Public Health

“People shouldn’t go bankrupt when they fall ill”

One in seven people of the world population does not have access to sufficient health care. Sick people cannot work, so illness leads to poverty – at the individual as well as societal level. Universal health coverage would be a solution.
Dental treatment in Balinge, Sumatra. Heiner Heine/Lineair Dental treatment in Balinge, Sumatra.

The health systems of many countries cannot cope with pandemic diseases like malaria or HIV/AIDS. In many places, medical facilities are even inadequate in routine situations like births or for standard conditions such as appendicitis. At the same time, existing facilities are often inaccessible because people are unable to pay the prices they charge.

Today, more than one billion people worldwide do not have access to the health care they need. High medical costs are a major cause of poverty, and so is the inability to work because of prolonged sickness. David Evans of the World Health Organisation (WHO) says: “People need health care, and they need to be able to afford it. People need to know they won’t go bankrupt when they fall ill.” He also points out that healthy people earn higher incomes. Out-of-pocket spending on health care is particularly difficult for people after catastrophes like hurricanes.

Karin Kortmann of GIZ states that universal health coverage (UHC) is a “hot topic on the global development agenda” and a crucial aspect of social protection. UHC, as defined by the WHO, aims “to ensure that all people obtain the health services they need without suffering financial hardship when paying for them.” The WHO argues that the prerequisites are:

  • a strong, efficient, well-run health system,
  • a system for financing health services,
  • access to essential medicines and technologies and
  • a sufficient capacity of well-trained, motivated health workers.
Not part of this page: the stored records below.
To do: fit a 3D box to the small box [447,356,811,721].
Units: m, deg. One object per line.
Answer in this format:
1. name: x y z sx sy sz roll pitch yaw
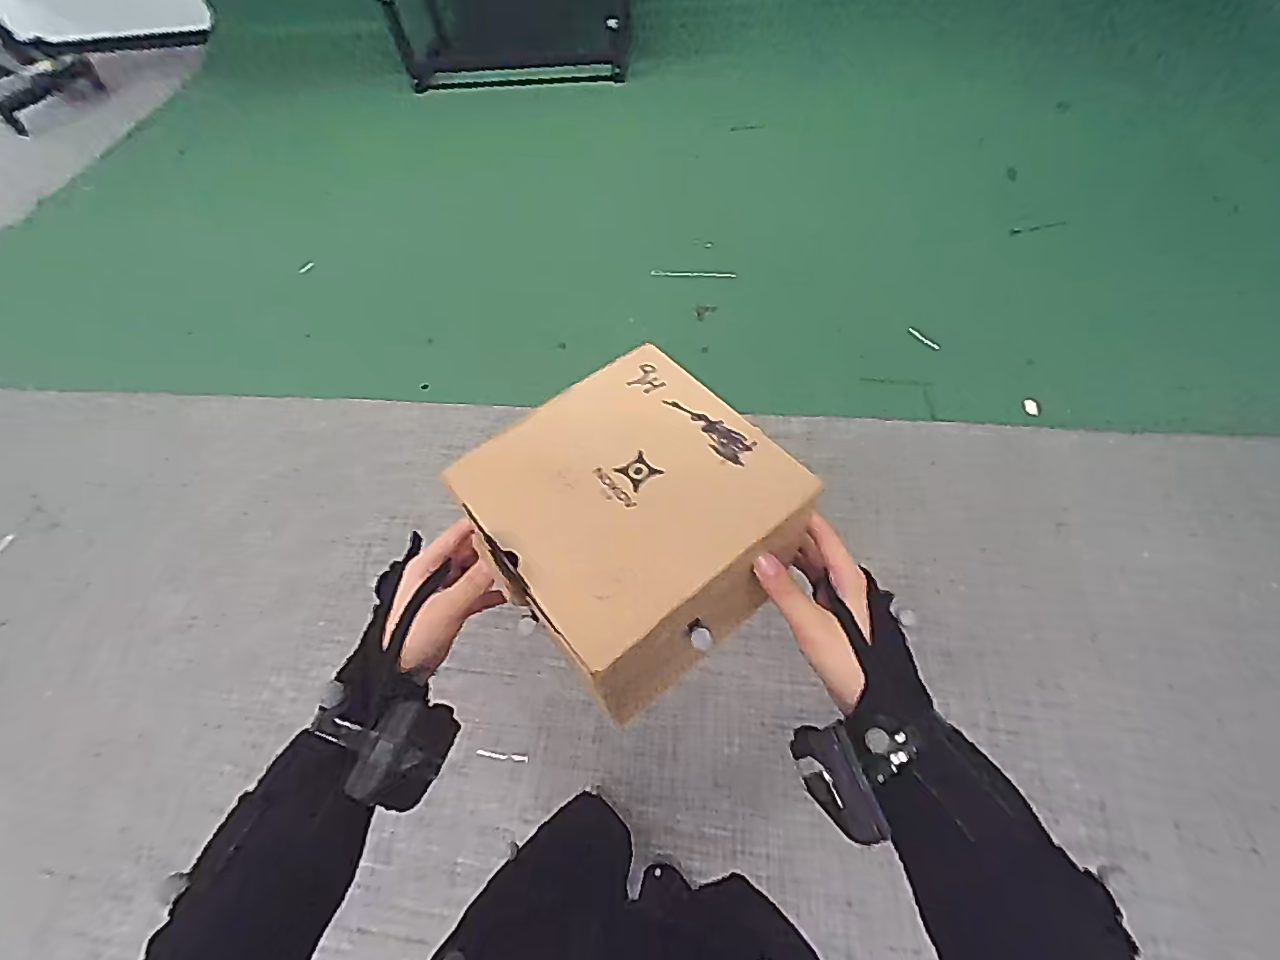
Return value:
1. small box: -0.004 0.050 0.404 0.179 0.176 0.168 -36 61 -18
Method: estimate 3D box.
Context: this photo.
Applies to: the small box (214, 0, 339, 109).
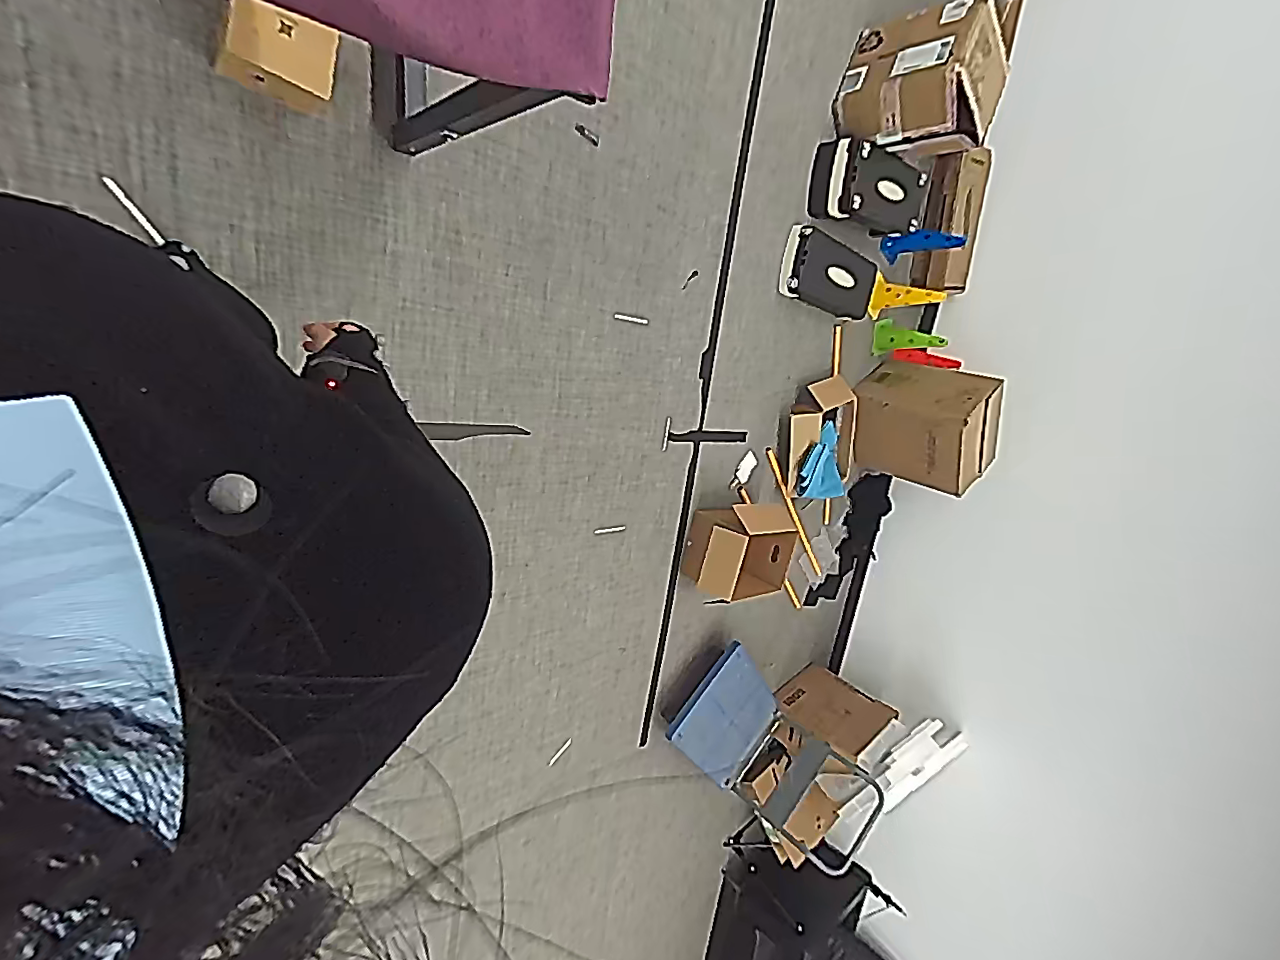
[{"bbox_3d":[-0.703,-0.856,1.040,0.168,0.176,0.179,6,102,-44],"label":"small box"}]

All prerequisites must be in place for UHC to become a reality. If one component doesn’t work properly, the whole system fails. For instance, UHC depends on adequate human resources, and staff needs to be paid properly. Both can be a challenge, as Bich Luu Nguyen of the Vietnam Nurses Association points out. Understaffed care personnel and lack of nurses are a cause of worry in industrialised nations as well as developing countries.

Financing as key challenge

Many countries are weighing the options for implementing UHC. The challenges are huge, and funding is often the biggest one. Tim Evans of the World Bank says that health expenditure tends to increase faster than the economy grows, which is even true of low-income countries. Accordingly, he says, “more efficient financing systems are needed.” He considers “national strategies for UHC imperative.”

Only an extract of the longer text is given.